Average test accuracy: 0.763168
Variance test accuracy: 0.000006
Min test accuracy: 0.758680
Max test accuracy: 0.767200


## Stochastic gradient descent

In [5]:
k_fold = 10
gamma = 0.01
max_iters = 100

# Split data in k-fold
k_indices = build_k_indices(y, k_fold, seed)

accs_train = []
accs_test = []

for k in range(k_fold):
    acc_train, acc_test = cross_validation(y, tX, k_indices, k, least_squares_sgd, initial_w=None, max_iters=max_iters, gamma=gamma)
    accs_train.append(acc_train)
    accs_test.append(acc_test)
    
for i in range(len(accs_train)):
    print("%d - Training accuracy: %f / Test accuracy : %f" % (i, accs_train[i], accs_test[i]))

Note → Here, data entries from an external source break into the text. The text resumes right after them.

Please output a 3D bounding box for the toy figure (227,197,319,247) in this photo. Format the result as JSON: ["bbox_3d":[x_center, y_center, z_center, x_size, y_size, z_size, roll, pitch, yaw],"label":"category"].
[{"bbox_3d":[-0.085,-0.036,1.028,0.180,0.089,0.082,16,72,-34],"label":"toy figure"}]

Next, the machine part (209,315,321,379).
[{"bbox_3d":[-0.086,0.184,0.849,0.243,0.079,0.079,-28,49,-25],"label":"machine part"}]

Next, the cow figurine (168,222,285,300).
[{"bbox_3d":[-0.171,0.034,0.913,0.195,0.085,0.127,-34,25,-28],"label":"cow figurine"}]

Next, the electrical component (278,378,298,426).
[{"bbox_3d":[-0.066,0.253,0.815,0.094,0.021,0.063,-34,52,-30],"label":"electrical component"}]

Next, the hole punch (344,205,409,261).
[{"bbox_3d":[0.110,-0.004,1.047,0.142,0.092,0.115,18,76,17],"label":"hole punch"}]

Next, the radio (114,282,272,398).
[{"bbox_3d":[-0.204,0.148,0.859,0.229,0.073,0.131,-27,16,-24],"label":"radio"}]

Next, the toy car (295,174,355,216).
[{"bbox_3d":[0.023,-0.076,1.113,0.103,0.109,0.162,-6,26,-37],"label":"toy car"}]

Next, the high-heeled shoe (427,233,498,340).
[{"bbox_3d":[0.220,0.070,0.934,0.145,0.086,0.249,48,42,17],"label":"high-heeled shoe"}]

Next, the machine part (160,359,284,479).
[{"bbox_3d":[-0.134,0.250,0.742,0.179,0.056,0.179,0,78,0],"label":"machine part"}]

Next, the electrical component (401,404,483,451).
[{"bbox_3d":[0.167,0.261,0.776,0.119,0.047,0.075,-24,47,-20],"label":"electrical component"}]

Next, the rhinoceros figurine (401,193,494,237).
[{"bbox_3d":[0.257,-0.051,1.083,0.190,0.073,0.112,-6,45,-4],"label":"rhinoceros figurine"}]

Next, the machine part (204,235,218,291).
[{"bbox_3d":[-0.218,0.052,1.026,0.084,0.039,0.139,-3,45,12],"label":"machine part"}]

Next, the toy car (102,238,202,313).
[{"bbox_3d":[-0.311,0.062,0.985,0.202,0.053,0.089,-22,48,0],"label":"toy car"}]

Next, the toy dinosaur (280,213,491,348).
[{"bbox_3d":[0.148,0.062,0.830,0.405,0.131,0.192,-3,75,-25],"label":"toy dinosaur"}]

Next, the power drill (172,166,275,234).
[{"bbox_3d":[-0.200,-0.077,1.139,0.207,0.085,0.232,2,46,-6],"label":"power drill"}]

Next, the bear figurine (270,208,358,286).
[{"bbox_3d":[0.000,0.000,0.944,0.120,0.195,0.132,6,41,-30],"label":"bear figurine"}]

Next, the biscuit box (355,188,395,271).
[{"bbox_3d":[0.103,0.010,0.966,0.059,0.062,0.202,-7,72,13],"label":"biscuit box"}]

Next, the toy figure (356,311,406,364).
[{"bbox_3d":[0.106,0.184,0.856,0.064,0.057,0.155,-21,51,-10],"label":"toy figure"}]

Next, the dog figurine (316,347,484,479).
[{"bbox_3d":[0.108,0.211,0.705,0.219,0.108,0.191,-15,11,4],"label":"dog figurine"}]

print("\nAverage test accuracy: %f" % np.mean(accs_test))
print("Variance test accuracy: %f" % np.var(accs_test))
print("Min test accuracy: %f" % np.min(accs_test))
print("Max test accuracy: %f" % np.max(accs_test))

0 - Training accuracy: 0.688742 / Test accuracy : 0.689160
1 - Training accuracy: 0.676387 / Test accuracy : 0.677600
2 - Training accuracy: 0.633613 / Test accuracy : 0.634400
3 - Training accuracy: 0.674324 / Test accuracy : 0.671400
4 - Training accuracy: 0.688796 / Test accuracy : 0.693120
5 - Training accuracy: 0.687262 / Test accuracy : 0.684240
6 - Training accuracy: 0.696013 / Test accuracy : 0.694320
7 - Training accuracy: 0.728467 / Test accuracy : 0.732600
8 - Training accuracy: 0.702493 / Test accuracy : 0.704560
9 - Training accuracy: 0.679089 / Test accuracy : 0.681080

Average test accuracy: 0.686248
Variance test accuracy: 0.000562
Min test accuracy: 0.634400
Max test accuracy: 0.732600


## Least squares

In [6]:
k_fold = 10

# Split data in k-fold
k_indices = build_k_indices(y, k_fold, seed)

accs_train = []
accs_test = []

for k in range(k_fold):
    acc_train, acc_test = cross_validation(y, tX, k_indices, k, least_squares)
    accs_train.append(acc_train)
    accs_test.append(acc_test)
    
for i in range(len(accs_train)):
    print("%d - Training accuracy: %f / Test accuracy : %f" % (i, accs_train[i], accs_test[i]))

print("\nAverage test accuracy: %f" % np.mean(accs_test))
print("Variance test accuracy: %f" % np.var(accs_test))
print("Min test accuracy: %f" % np.min(accs_test))
print("Max test accuracy: %f" % np.max(accs_test))

0 - Training accuracy: 0.776400 / Test accuracy : 0.775120
1 - Training accuracy: 0.777689 / Test accuracy : 0.772280
2 - Training accuracy: 0.777324 / Test accuracy : 0.779400
3 - Training accuracy: 0.777453 / Test accuracy : 0.774560
4 - Training accuracy: 0.776422 / Test accuracy : 0.778600
5 - Training accuracy: 0.776787 / Test accuracy : 0.776040
6 - Training accuracy: 0.776698 / Test accuracy : 0.773560
7 - Training accuracy: 0.776773 / Test accuracy : 0.780200
8 - Training accuracy: 0.775524 / Test accuracy : 0.777160
9 - Training accuracy: 0.776147 / Test accuracy : 0.779080

Average test accuracy: 0.776600
Variance test accuracy: 0.000007
Min test accuracy: 0.772280
Max test accuracy: 0.780200


## Ridge regression

In [7]:
k_fold = 2
lambdas = [0.002, 0.001, 0.001, 0.01]
degrees = [4, 7, 9, 9]

# Split data in k-fold
k_indices = build_k_indices(y, k_fold, seed)

accs_train = []
accs_test = []

for k in range(k_fold):
    acc_train, acc_test = cross_validation_ridge_regression(y, tX, k_indices, k, lambdas, degrees)
    accs_train.append(acc_train)
    accs_test.append(acc_test)

for i in range(len(accs_train)):
    print("%d - Training accuracy: %f / Test accuracy : %f" % (i, accs_train[i], accs_test[i]))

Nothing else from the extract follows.